* **Data excerpts**
-=-=-=-=-

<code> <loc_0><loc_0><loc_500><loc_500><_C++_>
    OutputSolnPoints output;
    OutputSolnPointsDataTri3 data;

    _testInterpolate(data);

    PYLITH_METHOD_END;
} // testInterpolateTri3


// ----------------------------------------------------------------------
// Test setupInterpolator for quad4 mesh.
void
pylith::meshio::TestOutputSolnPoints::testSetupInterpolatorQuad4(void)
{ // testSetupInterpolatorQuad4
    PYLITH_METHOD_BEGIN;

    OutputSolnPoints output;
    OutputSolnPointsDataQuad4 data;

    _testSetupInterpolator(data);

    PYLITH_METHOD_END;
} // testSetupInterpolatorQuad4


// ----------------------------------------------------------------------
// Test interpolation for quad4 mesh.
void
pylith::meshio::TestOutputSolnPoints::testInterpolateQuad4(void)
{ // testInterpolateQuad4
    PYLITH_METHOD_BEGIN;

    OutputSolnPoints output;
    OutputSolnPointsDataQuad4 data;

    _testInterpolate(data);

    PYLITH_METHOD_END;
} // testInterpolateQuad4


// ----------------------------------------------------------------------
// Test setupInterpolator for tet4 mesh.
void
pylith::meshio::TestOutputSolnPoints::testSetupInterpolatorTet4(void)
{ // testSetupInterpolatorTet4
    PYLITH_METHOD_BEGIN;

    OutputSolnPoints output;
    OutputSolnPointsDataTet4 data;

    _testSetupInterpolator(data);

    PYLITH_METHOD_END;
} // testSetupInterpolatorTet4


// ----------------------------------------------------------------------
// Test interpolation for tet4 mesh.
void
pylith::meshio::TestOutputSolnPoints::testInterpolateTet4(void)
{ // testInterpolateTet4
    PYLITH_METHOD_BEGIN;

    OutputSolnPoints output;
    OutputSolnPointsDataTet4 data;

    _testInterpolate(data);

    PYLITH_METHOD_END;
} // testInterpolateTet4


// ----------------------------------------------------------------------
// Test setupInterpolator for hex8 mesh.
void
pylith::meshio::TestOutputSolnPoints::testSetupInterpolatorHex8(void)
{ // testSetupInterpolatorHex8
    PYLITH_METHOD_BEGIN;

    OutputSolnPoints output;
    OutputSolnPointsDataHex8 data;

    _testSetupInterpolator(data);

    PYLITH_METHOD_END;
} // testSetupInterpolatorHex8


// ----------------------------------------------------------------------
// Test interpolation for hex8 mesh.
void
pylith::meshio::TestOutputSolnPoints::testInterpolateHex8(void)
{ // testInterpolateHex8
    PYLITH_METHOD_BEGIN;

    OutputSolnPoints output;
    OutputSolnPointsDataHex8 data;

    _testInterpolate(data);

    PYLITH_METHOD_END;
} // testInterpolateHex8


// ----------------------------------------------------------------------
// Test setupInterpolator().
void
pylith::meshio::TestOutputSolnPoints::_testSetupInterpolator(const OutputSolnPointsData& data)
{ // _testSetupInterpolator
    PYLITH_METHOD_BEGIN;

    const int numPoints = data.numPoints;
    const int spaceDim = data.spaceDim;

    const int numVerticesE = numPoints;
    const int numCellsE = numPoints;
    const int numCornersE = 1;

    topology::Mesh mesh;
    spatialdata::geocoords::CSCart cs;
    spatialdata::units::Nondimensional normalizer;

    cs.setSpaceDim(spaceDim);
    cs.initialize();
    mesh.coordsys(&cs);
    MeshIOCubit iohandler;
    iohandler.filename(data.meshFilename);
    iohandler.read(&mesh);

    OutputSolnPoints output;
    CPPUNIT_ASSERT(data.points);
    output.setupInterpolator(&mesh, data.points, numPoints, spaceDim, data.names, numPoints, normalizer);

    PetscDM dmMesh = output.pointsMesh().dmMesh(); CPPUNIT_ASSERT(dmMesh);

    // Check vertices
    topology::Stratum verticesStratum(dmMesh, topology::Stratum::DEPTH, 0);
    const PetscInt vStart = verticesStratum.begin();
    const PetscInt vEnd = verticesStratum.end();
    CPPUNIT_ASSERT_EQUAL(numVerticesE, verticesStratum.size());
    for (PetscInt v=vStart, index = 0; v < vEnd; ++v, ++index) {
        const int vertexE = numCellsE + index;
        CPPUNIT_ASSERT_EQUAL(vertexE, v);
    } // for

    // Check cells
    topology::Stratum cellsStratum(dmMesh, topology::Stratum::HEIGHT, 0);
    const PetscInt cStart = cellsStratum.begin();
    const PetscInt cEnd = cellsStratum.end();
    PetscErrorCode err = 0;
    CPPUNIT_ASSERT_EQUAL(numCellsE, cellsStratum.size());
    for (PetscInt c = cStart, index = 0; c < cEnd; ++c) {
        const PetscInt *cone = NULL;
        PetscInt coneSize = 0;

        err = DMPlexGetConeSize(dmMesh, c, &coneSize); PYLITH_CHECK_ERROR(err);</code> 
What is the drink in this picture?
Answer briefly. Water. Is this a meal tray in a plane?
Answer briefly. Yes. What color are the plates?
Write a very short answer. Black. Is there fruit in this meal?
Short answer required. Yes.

-=-=-=-=-

Gather and copy every line of the data in which the string "vStart" is found.

* **Result for this task**
    const PetscInt vStart = verticesStratum.begin();
    for (PetscInt v=vStart, index = 0; v < vEnd; ++v, ++index) {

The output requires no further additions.